The Great Shakeout or The Great Shakedown?

As California hospitals scramble to meet state deadlines for seismic compliance, a bigger problem is looming: can they afford it? 

In the wake of the 1994 Northridge earthquake that struck the San Fernando Valley, causing structural damage to eleven hospitals, California lawmakers looked for ways to improve seismic resilience across the state. One of the resulting bills, SB 1953, mandates that California hospitals conform to more rigorous building standards so as to prevent significant damage during an earthquake and ensure their continued operation postevent. Lawmakers have given hospitals until 2030 to be fully compliant with SB 1953 building standards, yet the majority of California hospitals have not met the required standards. The biggest barrier to compliance — cost. 

While seismic upgrades to hospital infrastructure are incredibly important, they are also incredibly costly. In fact, a recent RAND report estimated that the total cost of compliance for all remaining non-compliant hospitals is anywhere between $34.2B and $142.9B, depending on whether hospitals retrofit old buildings or build new ones. Retrofitting hospitals would cost the average California hospital approximately $100M per building, and constructing new buildings would cost approximately $500M per building. These costs would need to be shouldered up front by each hospital, and the benefits of compliance would only arise if the hospital was hit by an earthquake of a magnitude that exceeds the building’s previous structural capacities. Hospitals have also cited concerns over community needs, disruptions of service while undergoing upgrades, surge pricing, and land availability as barriers to achieving compliance. 

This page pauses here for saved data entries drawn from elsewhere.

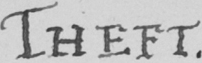Please provide the text content of this handwritten line. THEFT 
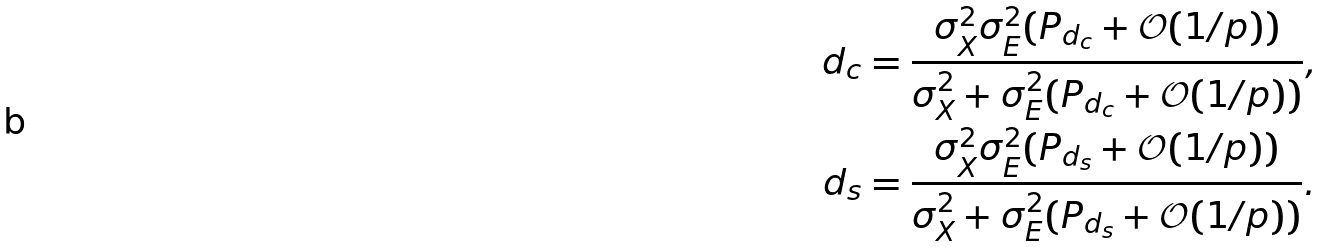Convert formula to latex. <formula><loc_0><loc_0><loc_500><loc_500>d _ { c } & = \frac { \sigma _ { X } ^ { 2 } \sigma _ { E } ^ { 2 } ( P _ { d _ { c } } + \mathcal { O } ( 1 / p ) ) } { \sigma _ { X } ^ { 2 } + \sigma _ { E } ^ { 2 } ( P _ { d _ { c } } + \mathcal { O } ( 1 / p ) ) } , \\ d _ { s } & = \frac { \sigma _ { X } ^ { 2 } \sigma _ { E } ^ { 2 } ( P _ { d _ { s } } + \mathcal { O } ( 1 / p ) ) } { \sigma _ { X } ^ { 2 } + \sigma _ { E } ^ { 2 } ( P _ { d _ { s } } + \mathcal { O } ( 1 / p ) ) } .</formula> 
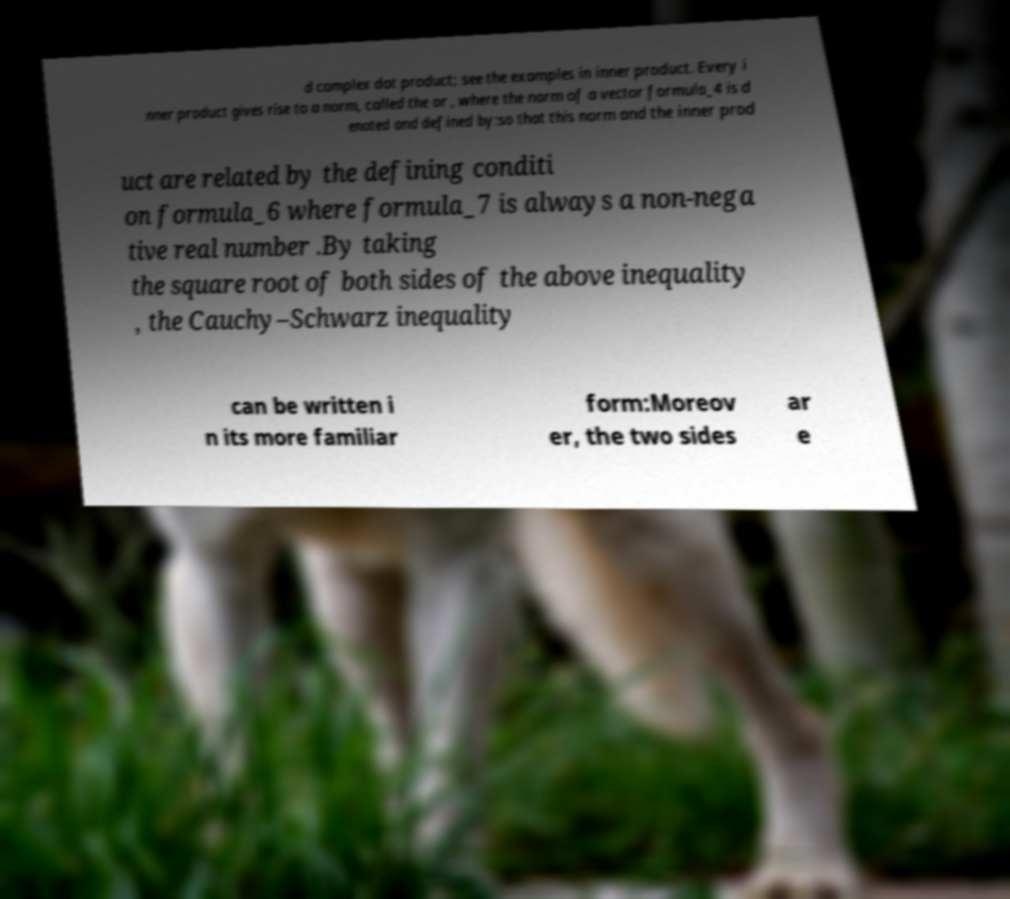Can you accurately transcribe the text from the provided image for me? d complex dot product; see the examples in inner product. Every i nner product gives rise to a norm, called the or , where the norm of a vector formula_4 is d enoted and defined by:so that this norm and the inner prod uct are related by the defining conditi on formula_6 where formula_7 is always a non-nega tive real number .By taking the square root of both sides of the above inequality , the Cauchy–Schwarz inequality can be written i n its more familiar form:Moreov er, the two sides ar e 
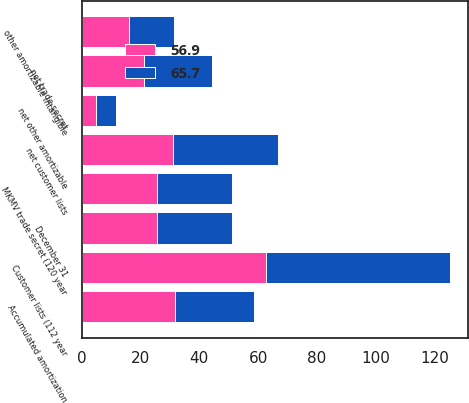Convert chart to OTSL. <chart><loc_0><loc_0><loc_500><loc_500><stacked_bar_chart><ecel><fcel>December 31<fcel>Customer lists (112 year<fcel>Accumulated amortization<fcel>net customer lists<fcel>MKMV trade secret (120 year<fcel>net trade secret<fcel>other amortizable intangible<fcel>net other amortizable<nl><fcel>56.9<fcel>25.5<fcel>62.7<fcel>31.8<fcel>30.9<fcel>25.5<fcel>21.1<fcel>16.1<fcel>4.9<nl><fcel>65.7<fcel>25.5<fcel>62.5<fcel>26.8<fcel>35.7<fcel>25.5<fcel>23.2<fcel>15.4<fcel>6.8<nl></chart> 
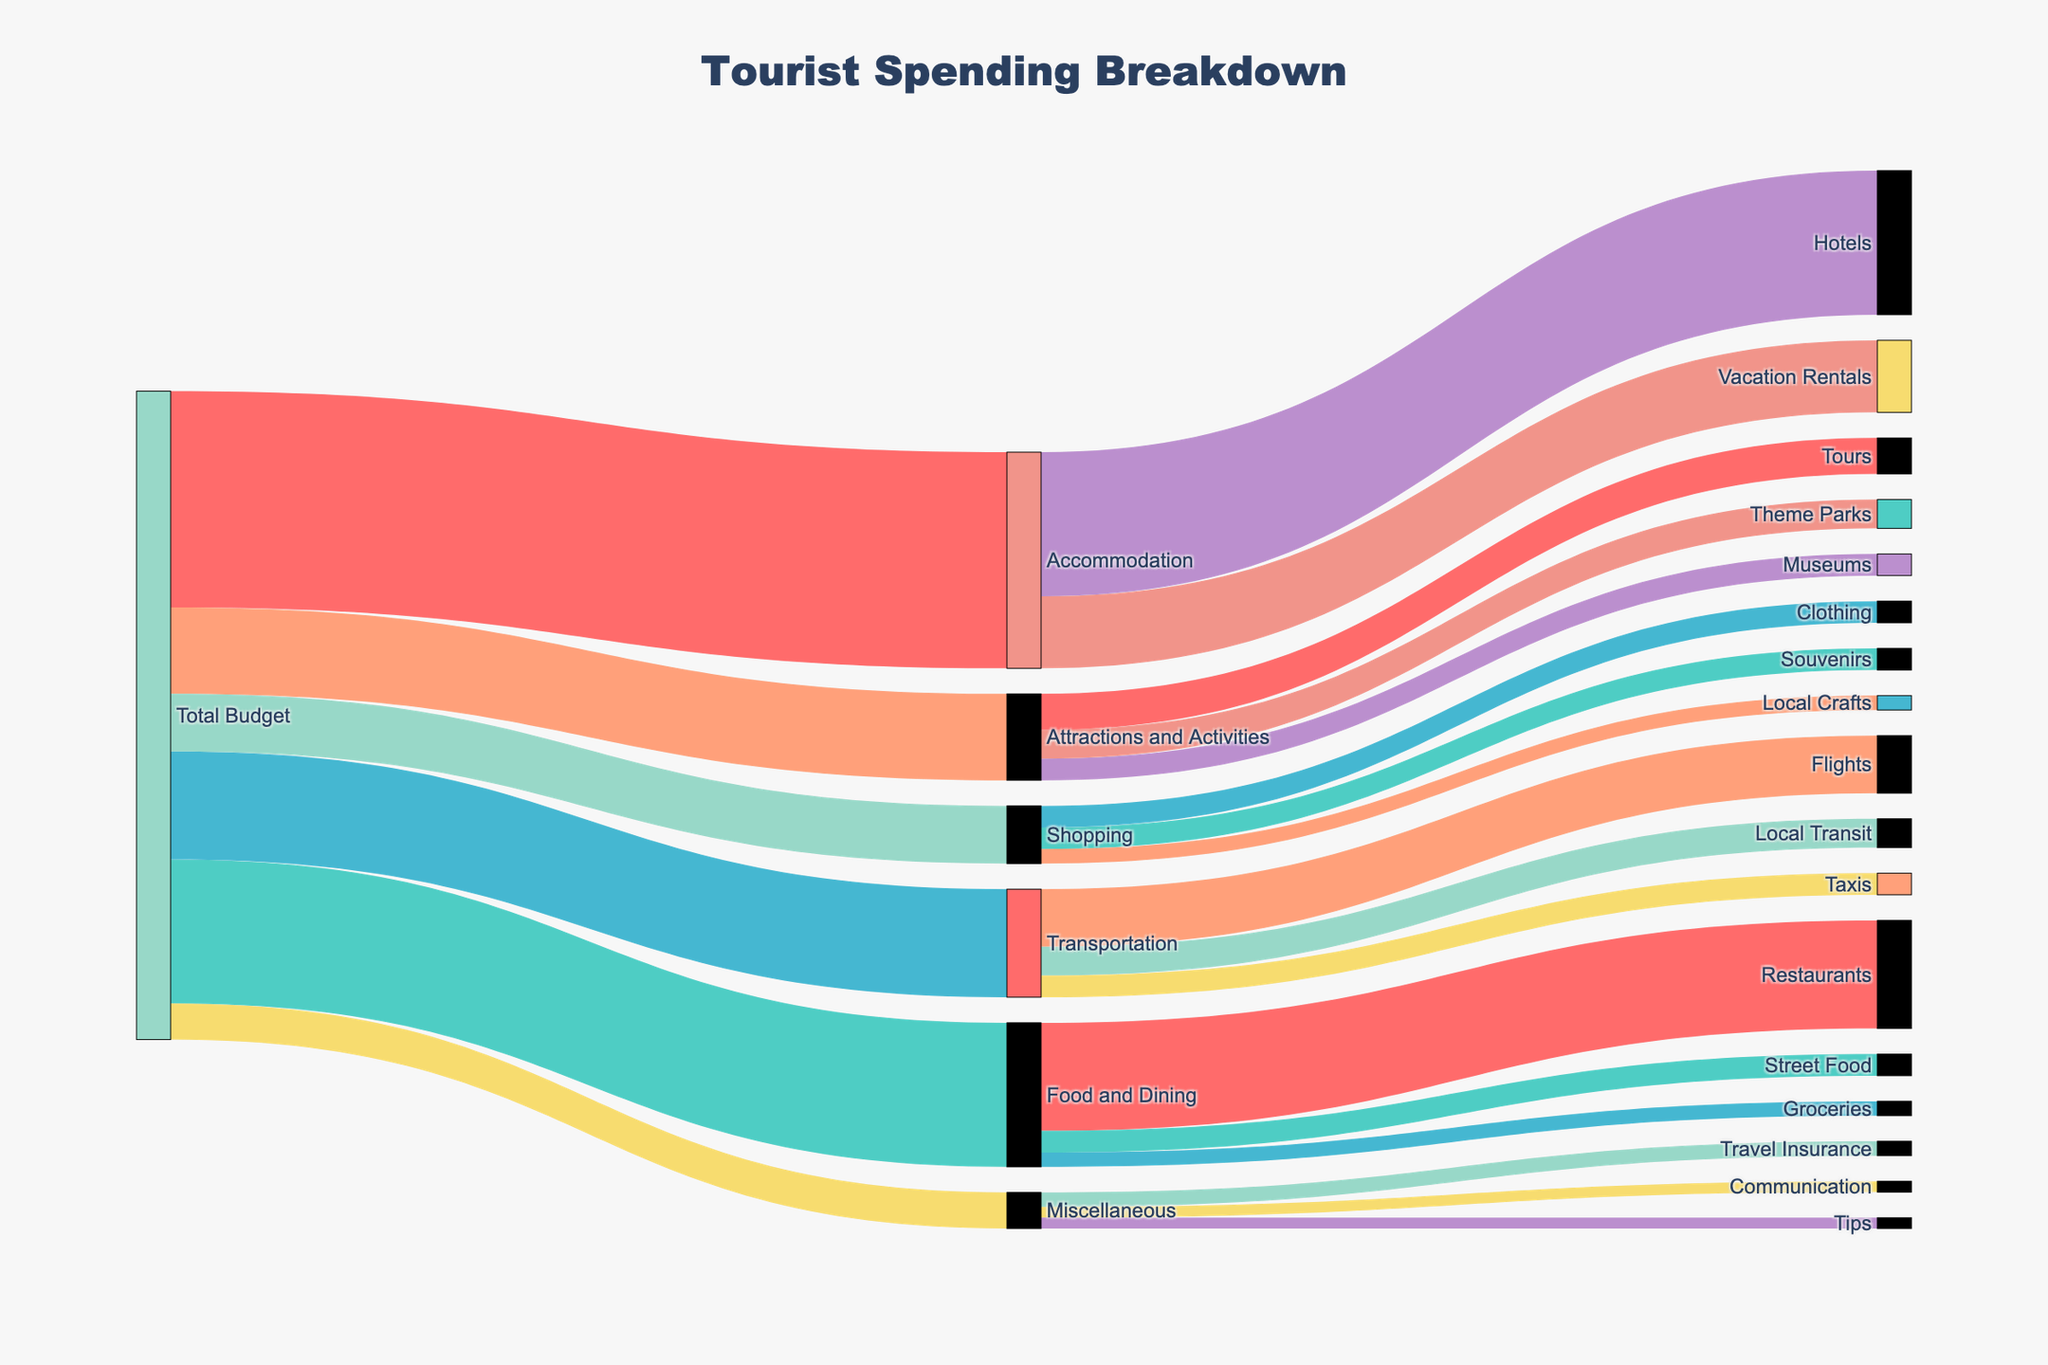what is the total budget allocated for Tourist spending? To find the total budget, look for the label at the start of the Sankey diagram, which is 'Total Budget'. The value associated with it is provided as 9000, the sum of the values flowing from 'Total Budget' to different categories.
Answer: 9000 How much is being spent on Food and Dining? Look at the Sankey diagram, find the flow from 'Total Budget' to 'Food and Dining', and check the value associated with it, which is 2000.
Answer: 2000 What proportion of the total budget is spent on Accommodation? The total budget is 9000, and the amount spent on Accommodation is 3000. To find the proportion, divide 3000 by 9000 and multiply by 100 to convert it to percentage.
Answer: 33.33% Which sub-category within Food and Dining has the highest expenditure? Look at the flows from 'Food and Dining' to its sub-categories: Restaurants, Street Food, and Groceries. The value associated with Restaurants (1500) is the highest among them.
Answer: Restaurants How much more is spent on Hotels compared to Vacation Rentals? Find the amount spent on Hotels (2000) and Vacation Rentals (1000) from the Accommodation category. Subtract the smaller value from the larger one: 2000 - 1000.
Answer: 1000 Are there more funds allocated to Meals at Restaurants or Souvenirs while shopping? Check the values associated with Restaurants (1500) and Souvenirs (300). Compare the two; Restaurants have a higher allocation.
Answer: Restaurants What is the least funded sub-category in the chart? Compare the values for all sub-categories: Groceries (200), Local Crafts (200), Tips (150), and Communications (150). The lowest equal values are Tips and Communications at 150 each.
Answer: Tips and Communication How does spending on Attractions and Activities compare to Transportation? Find the values for Attractions and Activities (1200) and Transportation (1500). Transportation has a higher value.
Answer: Transportation What percentage of the Food and Dining budget goes to Street Food? The budget for Food and Dining is 2000, and the amount for Street Food is 300. To find the percentage, divide 300 by 2000 and multiply by 100.
Answer: 15% What is the total amount allocated to non-essential categories like Shopping and Miscellaneous? Add the values for Shopping (800) and Miscellaneous (500). Sum is 800 + 500.
Answer: 1300

The financial impact of seismic upgrades is felt by many hospitals in California, however, the hospitals that struggle the most to comply with SB 1953 are Critical Access Hospitals (CAHs) and public healthcare districts (which aren’t mutually exclusive). CAHs are defined as hospitals located in rural areas that receive federal funding in order to maintain essential services without falling into financial distress.  

In comparison to private hospitals, public hospitals are typically more financially flexible due to government benefits. However, only 21 of the 59 public hospitals in California are backed by these benefits. According to the RAND report, 57% of public hospitals are in severe financial distress or have the potential to fall into financial distress, and 93% of public hospitals are currently non-compliant. When it comes to CAHs, the statistics are just as alarming; 38% of CAHs already face severe financial distress or the potential for financial distress and 91% of CAHs are non-compliant. Due to their rural setting and smaller patient turnover, CAHs lack the ability to fundraise at the same level as larger, more urban hospitals. Even without the compliance costs, 14 CAHs have been forced to close their doors between 2013 and 2016 according to the Medicare Payment Advisory Commission

Ultimately, less than half of all California hospitals are financially healthy enough to afford compliance. If California hospitals work to implement SB 1953, then the percentage of hospitals in severe financial distress will likely rise from 22 to 40. As a result, many hospitals will scramble to stay afloat and will likely look to cut less profitable services and raise prices for patients in order to do so. 

As previously mentioned, the benefits of seismic compliance may outweigh the financial pains of achieving SB 1953 compliance if a hospital is hit by a damaging earthquake that the previous structure would not be able to sustain. Though it is difficult to estimate the likelihood of such an earthquake striking each hospital, the Lowe Institute is able to use historical USGS data to look at which hospitals are at greatest risk of being hit by a “damaging” earthquake. The USGS classifies “damaging” as enough to be felt by everyone in the area and to cause minor structural damages, which does not necessarily mean it would be of great enough magnitude to close a hospital. However, their classification gives us a good sense of the most earthquake-prone areas in the state. 

As the above map indicates, 7 of the 34 CAHs (denoted by the blue dots) are located in areas that face less than a 1% chance of a damaging earthquake, 10 face a 1-2% chance, 17 face a 2-5% chance, and none face a >5% chance of being hit by a damaging earthquake. It should be noted that these percentages represent the risk of a damaging earthquake each year, not the risk of ever being hit by a damaging earthquake. 

The variation in seismic risk for CAHs can be seen in San Bernardino county quite clearly. Mountains Community Hospital in Lake Arrowhead and Bear Valley Community Hospital in Big Bear Lake each face around a 2-5% chance of a damaging earthquake each year. They are located in close proximity to the San Andreas Fault Line and smaller fault lines that branch from it ‒ the Cleghorn Fault Line and Waterman Canyon Fault. In contrast, the third CAH in San Bernardino County, Colorado River Medical Center in Needles, is at a less than 1% risk of a damaging earthquake. 

The differences in seismic risk across California CAHs illustrates the shortcomings of a statewide bill that treats all hospitals equally. Certain hospitals are at substantially greater risk of being hit by a damaging earthquake than others, yet all hospitals must meet the same seismic standards. Because SB 1953 could put many hospitals with little to no earthquake risk into severe financial distress, such as Colorado River Medical Center, perhaps lawmakers should consider a redesign of hospital compliance policy.